11) Speaking in public
You know where I’m going with this. It’s a common saying that fear of public speaking is greater than the fear of death.  This is bullshit.  Public speaking isn’t hard whatsoever.  People are mostly worried about stammering, losing their place, or generally not holding themselves like John F. Kennedy.  You don’t have to be as eloquent as Sam Harris to deliver a speech.  Odds are the majority of your public speaking will be at work.  Whether it’s pitching an idea or giving a full-on speech, it doesn’t matter.  If you pay attention to how other people give a public address, you’ll see that they too will flub a line.  Just move on.  Make a conscious effort to speak slow and clear, work on projecting your voice, and look over the heads of the people in the crowd (it will still look like you’re looking at them).

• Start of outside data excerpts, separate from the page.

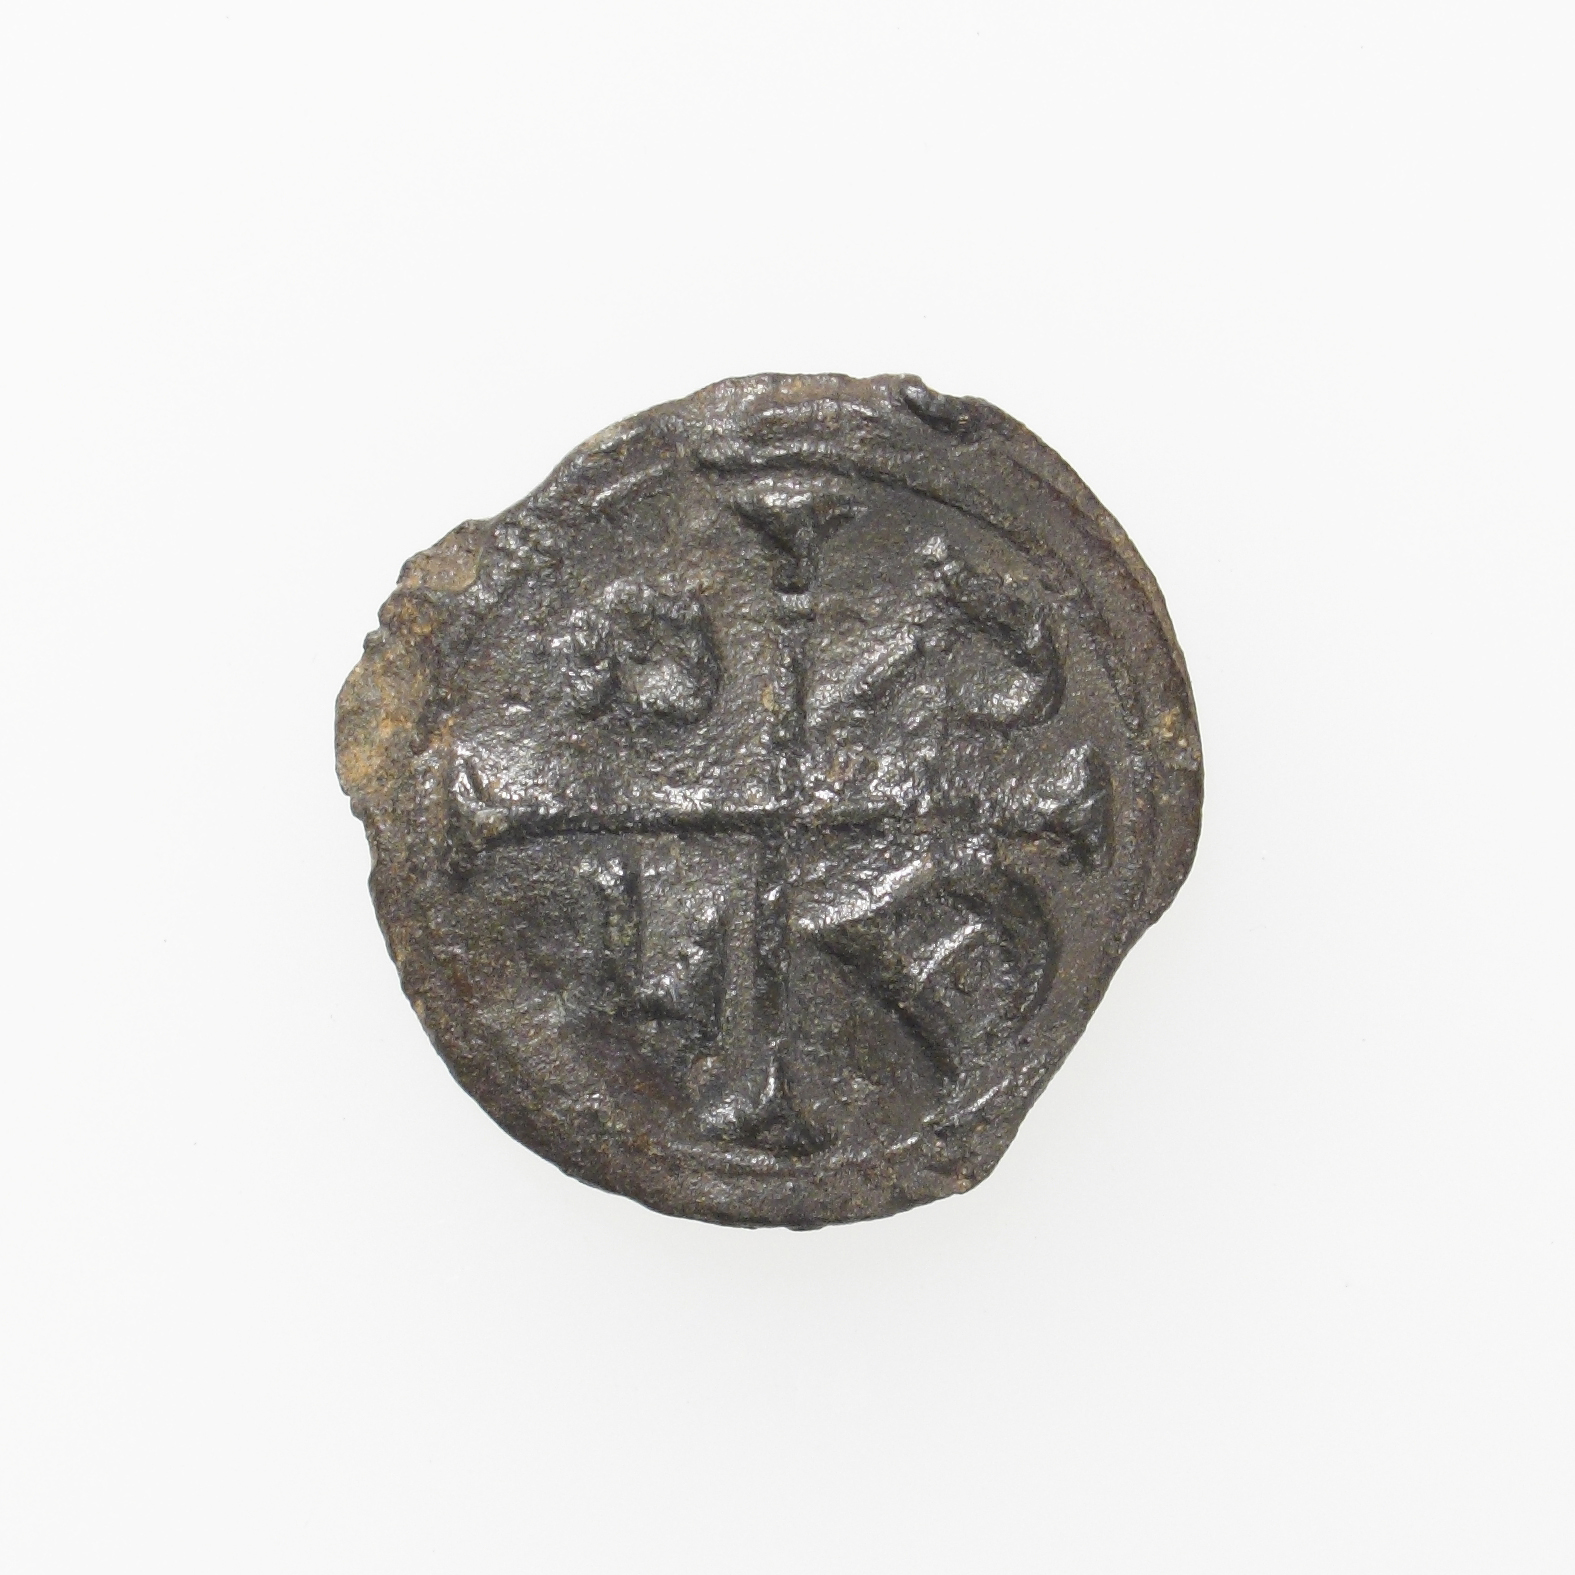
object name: pilgrim's badge
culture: french
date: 1301-1600
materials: lead

12) Shake hands like a man
I can’t stand it when I go to shake someone’s hand and they give me this limp wristed dead fish hand.
Do you have muscles in your hand?  Then use them.
Don’t be one of these jerks that tries to break the other guy’s hand.  Just get a firm handshake.  Want to make a great first impression?  Give a firm handshake with one pump. That’s it.   Eye contact, firm handshake, one pump, disengage.  Done.

13) The rest of the list
Those are my top items when it comes to being a man.  But, of course, that’s not all. The following is a rapid fire list of other things that I deem to be essential in being a man.  It’s kinda okay to not be great at all of these but it would certainly help.
Learn how to park a car and/or back up properly; know how to negotiate a price so you don’t get screwed by everyone that thinks you don’t know what you’re talking about; know how to sew because you need to fix your own buttons, pants, shirts, and even your woman’s stuff on occasion; how to break down a door (cause believe me, I’ve had to kick in a few doors in my time); know how to do a proper pull-up and a proper push-up; know how to drive in harsh weather conditions; know how to cook a steak; learn how to break in pool and how to play a round of poker; be well versed in shooting a gun; how to hush a crying baby; and finally, the art of communication: telling a story, cracking a joke, making small talk, and navigating through life with other people without acting like a dick.

Jay Lamm

J. Lamm is the bassist, vocalist, song writer, and keyboardist for the mercurial metal band Cea Serin. While away from Cea Serin J. Lamm also performs live with Cirque Dreams as a touring musician. J. Lamm has also written and recorded music for movies, television and radio.